What you have to do >> Using the listing that follows, filter out every line lacking the string "whole" and return the rest.

[Records provided — start]

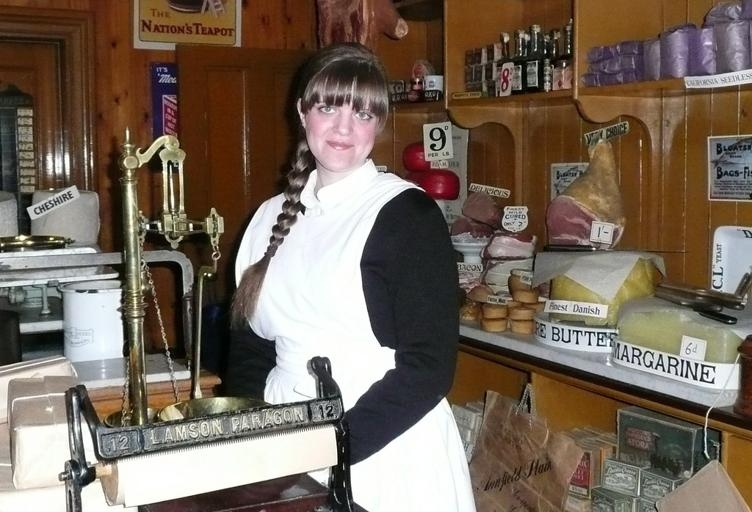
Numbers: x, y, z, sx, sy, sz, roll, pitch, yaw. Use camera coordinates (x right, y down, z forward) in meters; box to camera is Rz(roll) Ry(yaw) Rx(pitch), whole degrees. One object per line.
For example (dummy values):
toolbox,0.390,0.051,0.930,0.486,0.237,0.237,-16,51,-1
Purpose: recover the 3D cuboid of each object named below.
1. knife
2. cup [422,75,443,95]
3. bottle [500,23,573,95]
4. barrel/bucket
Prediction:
knife,1.046,0.144,2.291,0.078,0.083,0.297,1,10,-18
cup,0.278,-0.813,3.381,0.070,0.087,0.093,0,6,25
bottle,0.654,-0.814,2.942,0.308,0.288,0.394,-2,9,11
barrel/bucket,-0.894,0.189,2.307,0.224,0.241,0.227,0,7,0
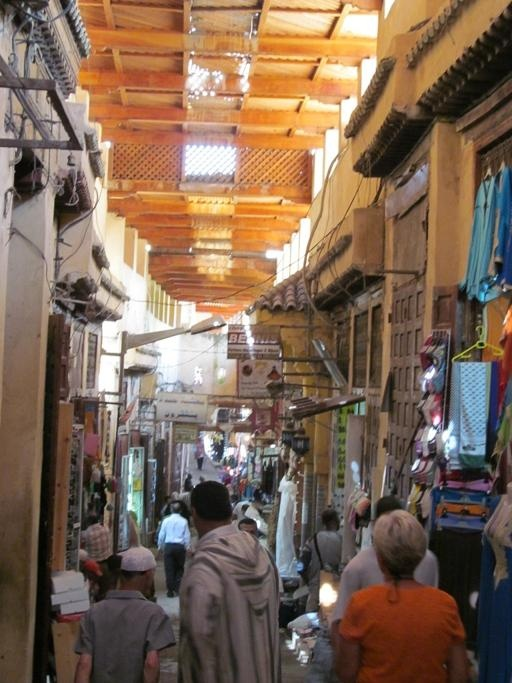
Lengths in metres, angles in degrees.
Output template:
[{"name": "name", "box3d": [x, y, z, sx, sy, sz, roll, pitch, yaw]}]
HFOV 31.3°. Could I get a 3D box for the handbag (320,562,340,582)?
[{"name": "handbag", "box3d": [0.616, 1.970, 7.679, 0.109, 0.150, 0.210, 3, -9, -2]}]
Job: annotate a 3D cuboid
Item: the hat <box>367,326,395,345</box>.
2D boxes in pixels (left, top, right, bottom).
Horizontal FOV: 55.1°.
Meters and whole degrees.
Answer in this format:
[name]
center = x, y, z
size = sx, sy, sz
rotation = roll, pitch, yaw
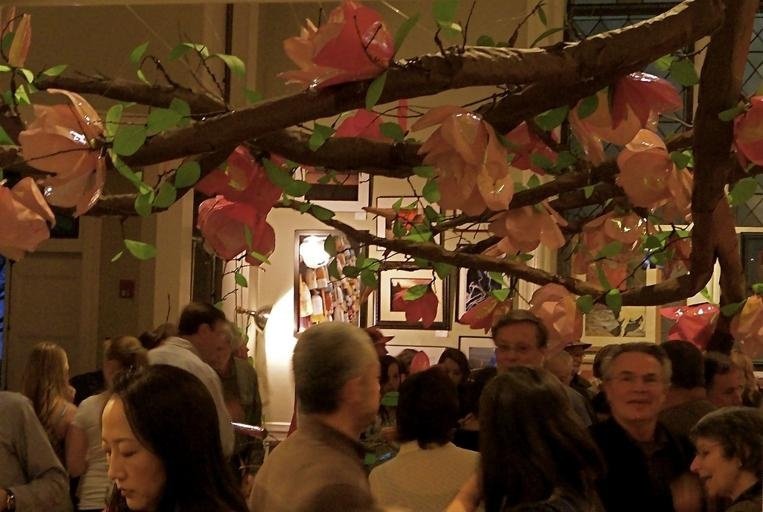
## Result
[hat]
center = -0.027, 0.248, 2.270
size = 0.096, 0.038, 0.098
rotation = -1, -1, 42
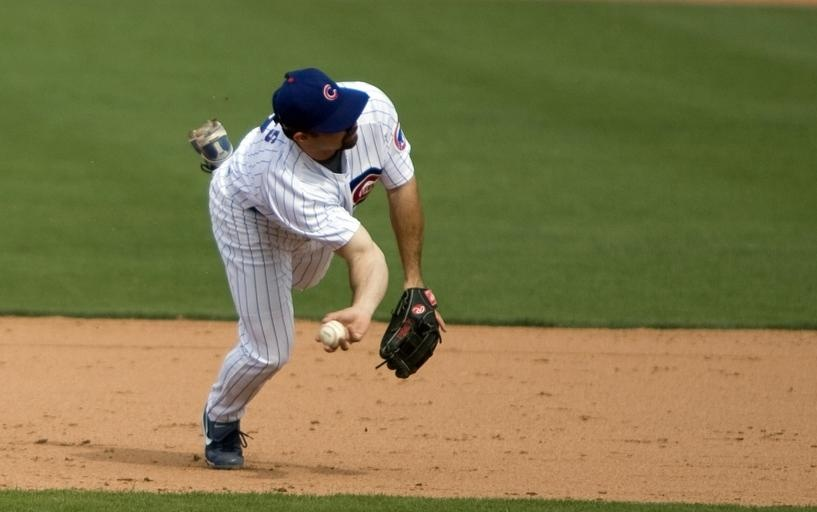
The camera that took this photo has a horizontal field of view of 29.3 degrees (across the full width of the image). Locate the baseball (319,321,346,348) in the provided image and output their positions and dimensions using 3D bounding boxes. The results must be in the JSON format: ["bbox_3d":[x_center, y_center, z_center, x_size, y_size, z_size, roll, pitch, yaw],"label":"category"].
[{"bbox_3d":[-0.700,0.706,14.540,0.165,0.164,0.165,-32,-5,30],"label":"baseball"}]

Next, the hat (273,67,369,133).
[{"bbox_3d":[-0.851,-1.425,15.078,0.789,0.486,0.545,-3,47,18],"label":"hat"}]
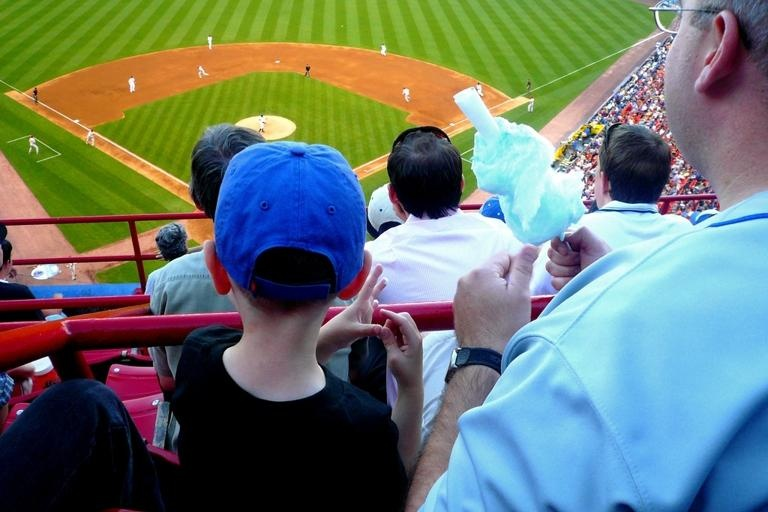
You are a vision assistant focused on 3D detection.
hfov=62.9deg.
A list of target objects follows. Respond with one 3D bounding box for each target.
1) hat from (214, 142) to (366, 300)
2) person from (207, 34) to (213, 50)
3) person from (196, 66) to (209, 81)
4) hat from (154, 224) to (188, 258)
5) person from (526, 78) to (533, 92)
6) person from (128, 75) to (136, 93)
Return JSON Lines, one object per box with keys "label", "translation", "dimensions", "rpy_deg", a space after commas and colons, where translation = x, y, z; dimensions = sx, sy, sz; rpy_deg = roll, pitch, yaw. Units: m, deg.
{"label": "hat", "translation": [-0.299, -0.221, 2.139], "dimensions": [0.502, 0.421, 0.753], "rpy_deg": [2, 24, -8]}
{"label": "person", "translation": [-5.845, -7.196, 21.027], "dimensions": [0.182, 0.453, 0.979], "rpy_deg": [-4, 19, -14]}
{"label": "person", "translation": [-5.594, -5.674, 19.310], "dimensions": [0.222, 0.355, 0.720], "rpy_deg": [-2, 29, -13]}
{"label": "hat", "translation": [-1.691, -0.119, 5.106], "dimensions": [0.220, 0.282, 0.302], "rpy_deg": [-1, -5, 30]}
{"label": "person", "translation": [4.416, -5.245, 19.173], "dimensions": [0.280, 0.371, 0.739], "rpy_deg": [-2, 13, 15]}
{"label": "person", "translation": [-7.444, -5.088, 18.530], "dimensions": [0.214, 0.382, 0.858], "rpy_deg": [-6, 19, -18]}
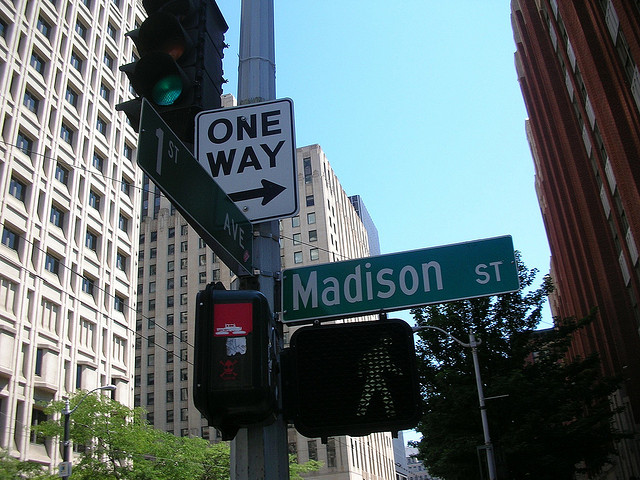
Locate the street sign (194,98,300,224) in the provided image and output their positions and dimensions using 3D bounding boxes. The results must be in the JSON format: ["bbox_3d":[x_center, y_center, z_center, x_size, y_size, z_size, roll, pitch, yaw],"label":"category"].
[{"bbox_3d":[-1.526,-1.640,14.667,2.081,2.665,0.266,-6,-11,4],"label":"street sign"}]
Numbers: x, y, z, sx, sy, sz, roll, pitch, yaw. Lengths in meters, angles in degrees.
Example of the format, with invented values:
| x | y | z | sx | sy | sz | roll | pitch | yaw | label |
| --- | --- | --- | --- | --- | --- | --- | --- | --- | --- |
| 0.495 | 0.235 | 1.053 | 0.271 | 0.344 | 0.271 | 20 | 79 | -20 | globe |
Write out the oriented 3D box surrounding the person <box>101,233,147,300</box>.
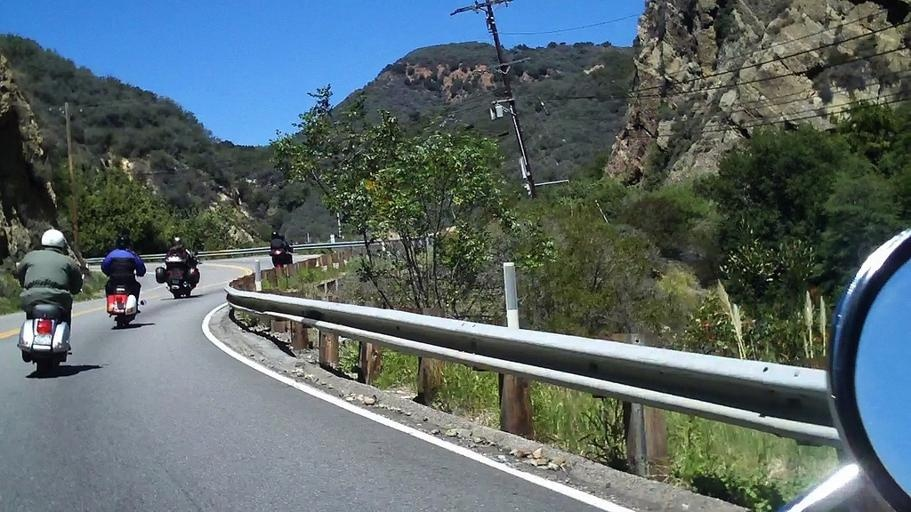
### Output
| x | y | z | sx | sy | sz | roll | pitch | yaw | label |
| --- | --- | --- | --- | --- | --- | --- | --- | --- | --- |
| -9.070 | 0.390 | 17.815 | 0.965 | 1.898 | 1.564 | -4 | 4 | -28 | person |

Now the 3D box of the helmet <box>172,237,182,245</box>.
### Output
| x | y | z | sx | sy | sz | roll | pitch | yaw | label |
| --- | --- | --- | --- | --- | --- | --- | --- | --- | --- |
| -10.917 | -0.648 | 25.609 | 0.332 | 0.371 | 0.408 | 3 | -13 | -24 | helmet |

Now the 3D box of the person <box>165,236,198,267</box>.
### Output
| x | y | z | sx | sy | sz | roll | pitch | yaw | label |
| --- | --- | --- | --- | --- | --- | --- | --- | --- | --- |
| -11.393 | -0.160 | 26.810 | 0.935 | 1.049 | 1.815 | 1 | 11 | -8 | person |

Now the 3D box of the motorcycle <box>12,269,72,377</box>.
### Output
| x | y | z | sx | sy | sz | roll | pitch | yaw | label |
| --- | --- | --- | --- | --- | --- | --- | --- | --- | --- |
| -7.621 | 1.488 | 12.156 | 0.756 | 1.035 | 1.801 | -1 | 1 | -17 | motorcycle |
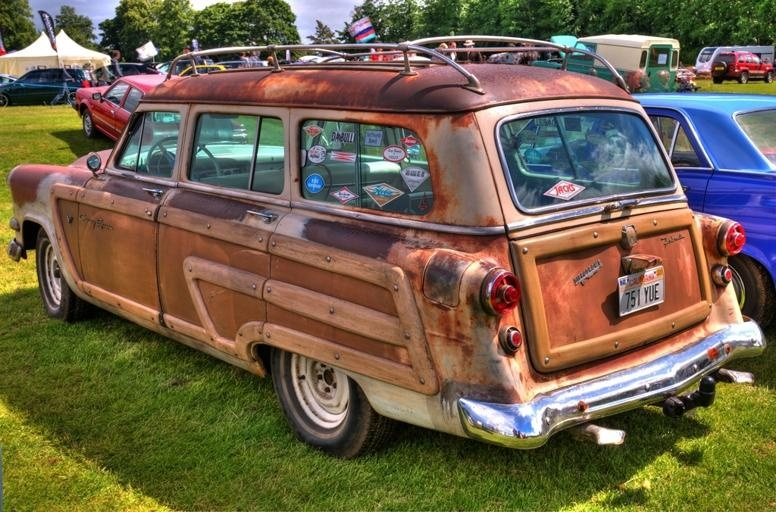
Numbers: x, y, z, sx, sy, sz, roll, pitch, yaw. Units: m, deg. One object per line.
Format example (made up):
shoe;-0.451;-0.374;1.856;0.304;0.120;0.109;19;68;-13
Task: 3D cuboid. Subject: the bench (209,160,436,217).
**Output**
bench;-0.180;-0.520;3.830;1.094;0.402;0.117;7;20;30

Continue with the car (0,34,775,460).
car;-0.163;-0.215;4.514;5.612;2.973;2.062;7;20;30
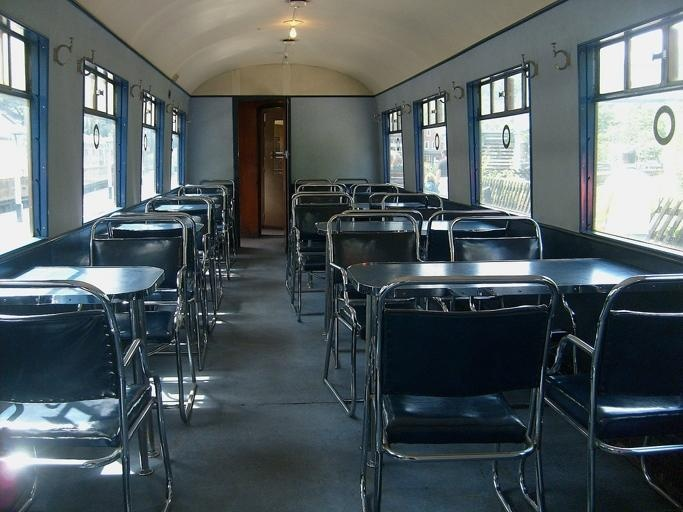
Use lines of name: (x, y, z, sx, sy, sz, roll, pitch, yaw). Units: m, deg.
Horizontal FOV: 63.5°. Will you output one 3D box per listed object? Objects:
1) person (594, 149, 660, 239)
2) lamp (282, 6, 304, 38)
person: (2.160, -0.474, 4.141, 0.348, 0.915, 0.272, 24, 60, 30)
lamp: (-0.726, -3.490, 8.228, 0.323, 0.612, 0.333, 0, 23, -6)
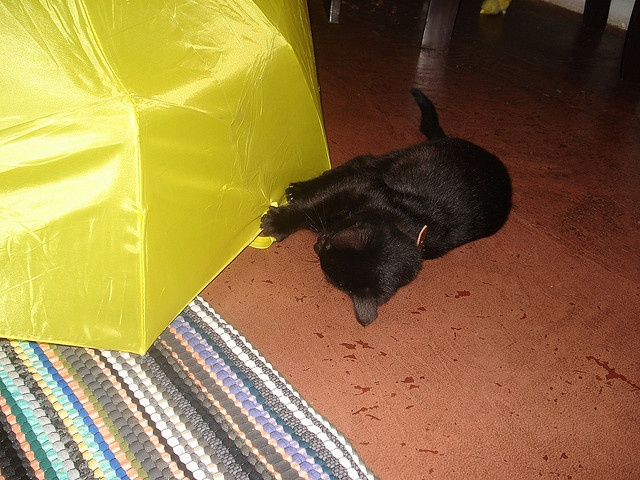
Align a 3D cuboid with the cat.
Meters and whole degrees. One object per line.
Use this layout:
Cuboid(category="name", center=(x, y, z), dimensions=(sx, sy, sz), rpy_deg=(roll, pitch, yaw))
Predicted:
Cuboid(category="cat", center=(0.264, -0.105, 1.734), dimensions=(0.719, 0.550, 0.306), rpy_deg=(-27, 6, -32))

[Records provided — finish]

Answer >>
Numbers: x, y, z, sx, sy, sz, roll, pitch, yaw. Use camera coordinates (x right, y down, z forward) in meters; box to camera is Rz(roll) Ry(yaw) Rx(pitch), whole degrees. One object per line.
Meters and whole degrees.
Meters and whole degrees. One object per line.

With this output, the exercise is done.